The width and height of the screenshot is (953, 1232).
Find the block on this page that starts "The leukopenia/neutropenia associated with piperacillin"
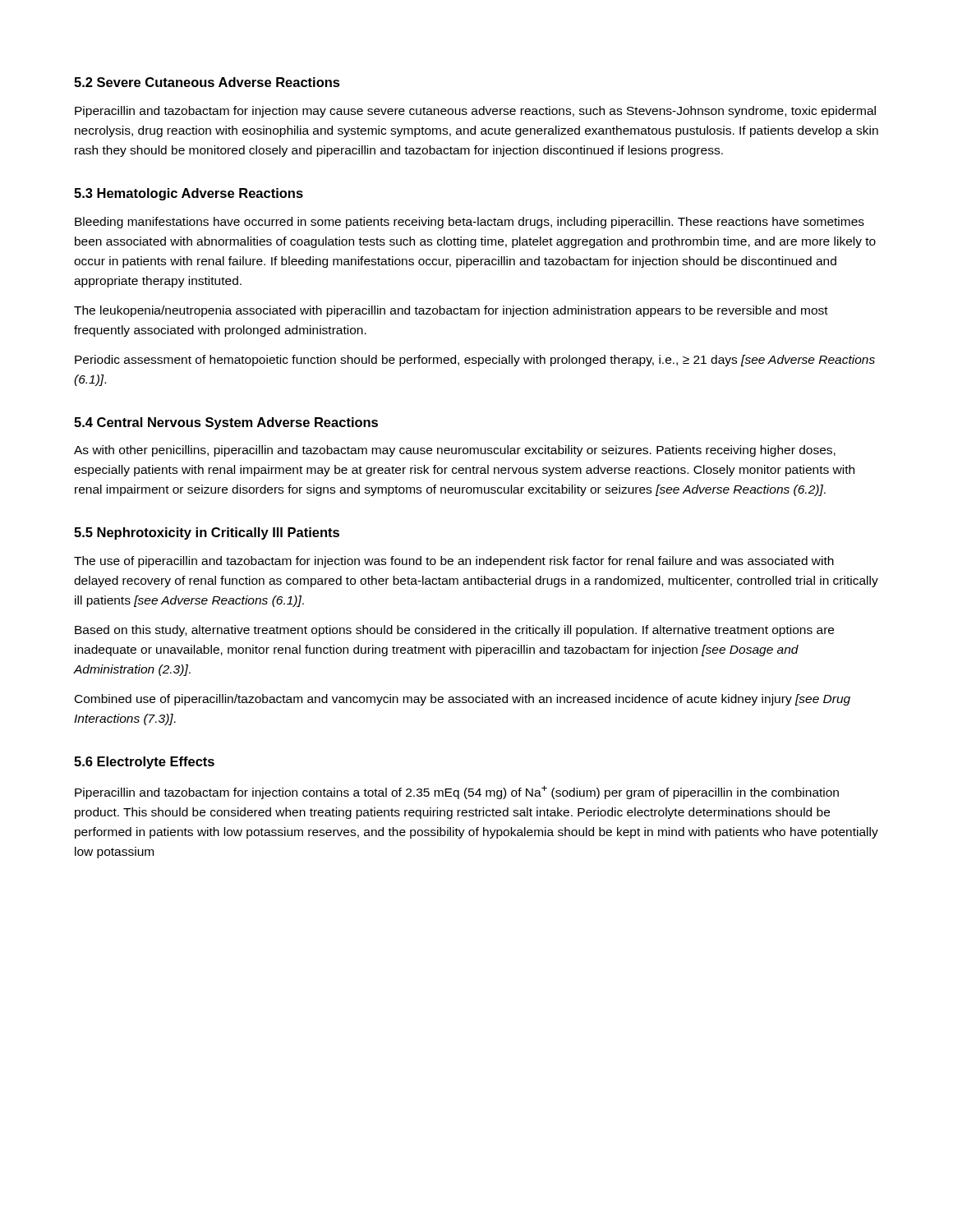tap(451, 320)
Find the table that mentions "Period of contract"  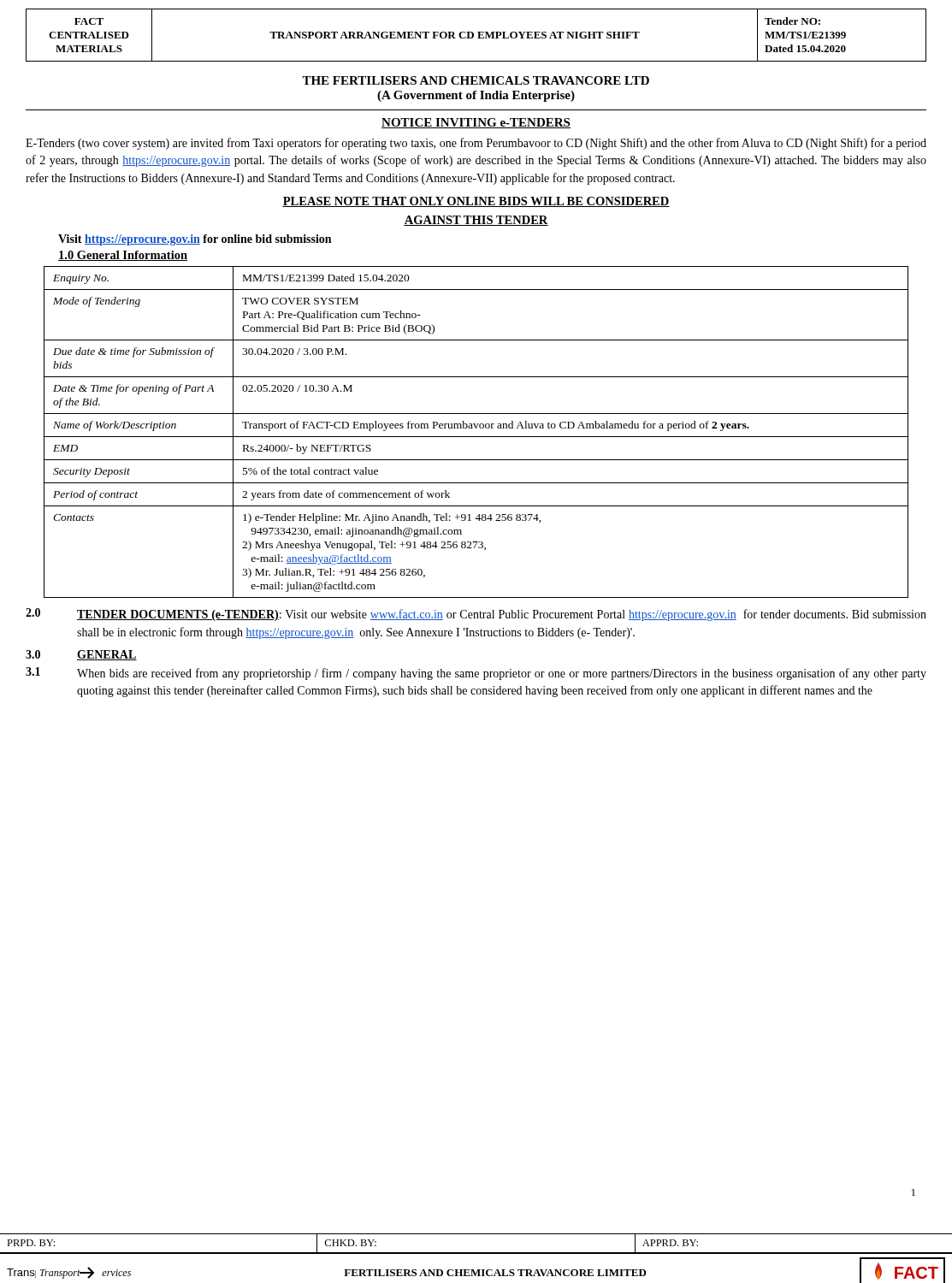point(476,432)
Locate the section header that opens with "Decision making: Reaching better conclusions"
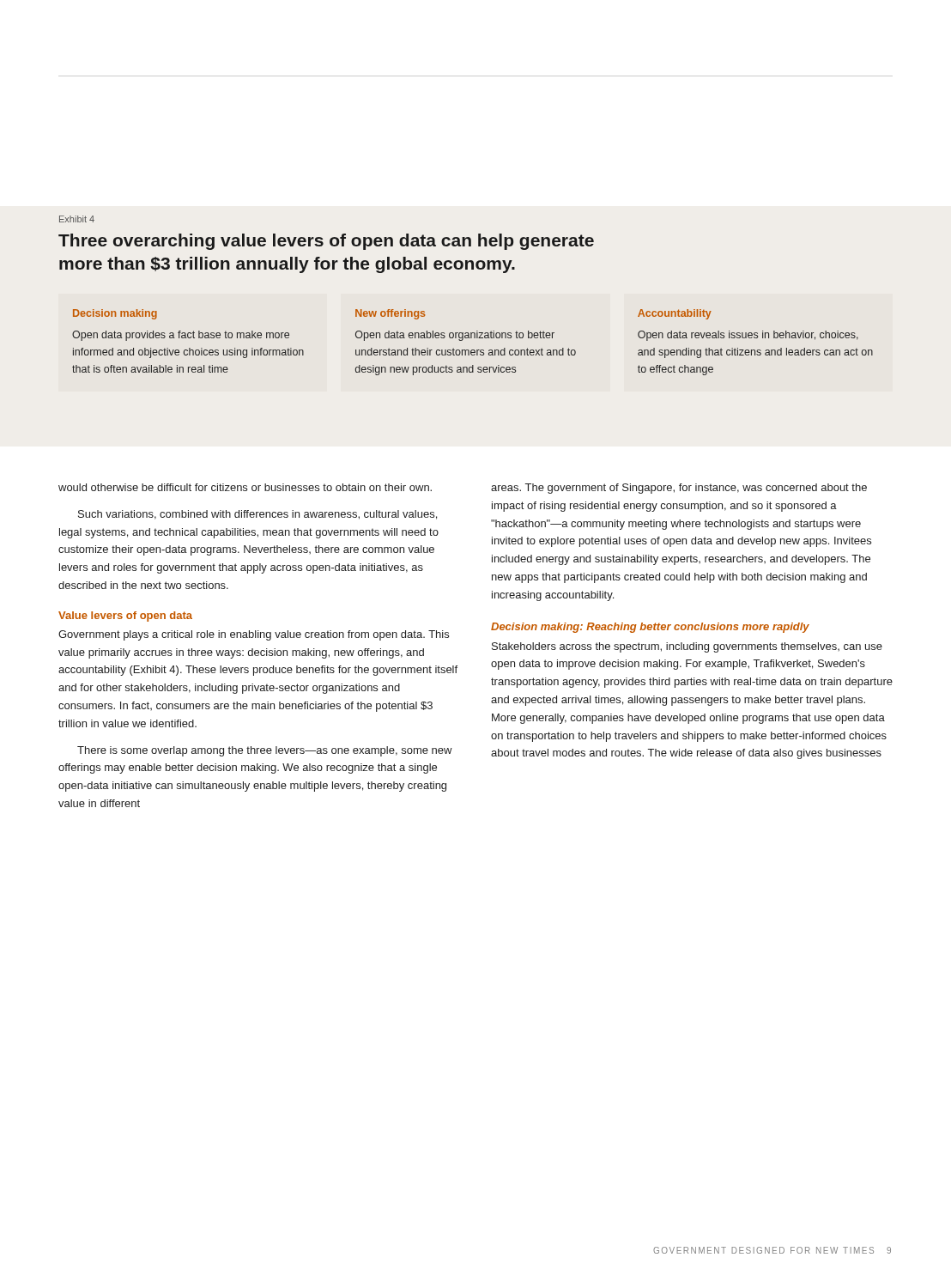Viewport: 951px width, 1288px height. click(650, 626)
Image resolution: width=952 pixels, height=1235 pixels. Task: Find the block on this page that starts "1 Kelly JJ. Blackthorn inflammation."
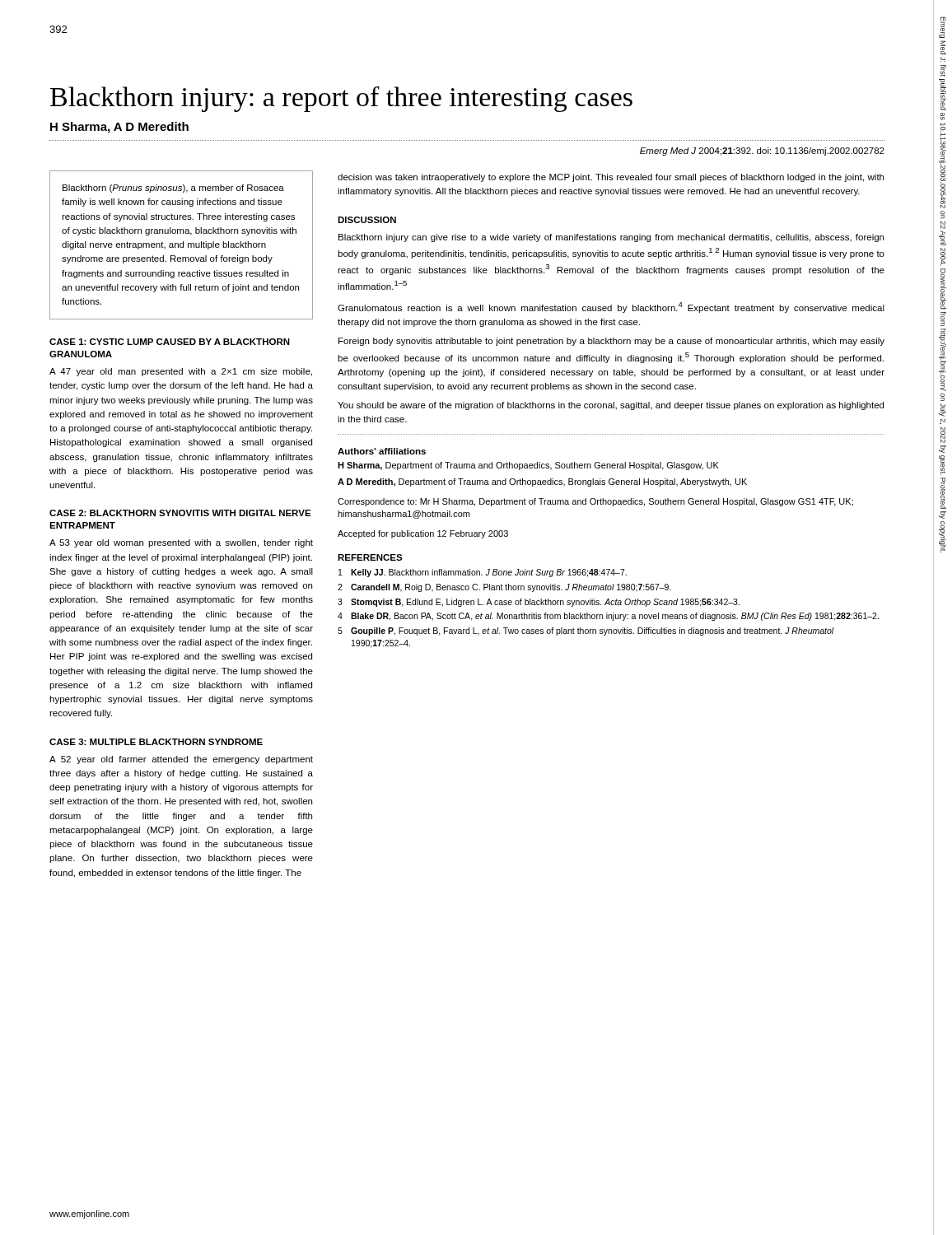[482, 573]

* * * * * * *

• _Instructions for the task_
Starting at the line that contains "Image resolution: width=952", transcribe each line through the last one of the entries above, exactly and without pictures.

• _Task response_
Image resolution: width=952 pixels, height=1235 pixels. Task: Find the block on this page that starts "1 Kelly JJ. Blackthorn inflammation."
[482, 573]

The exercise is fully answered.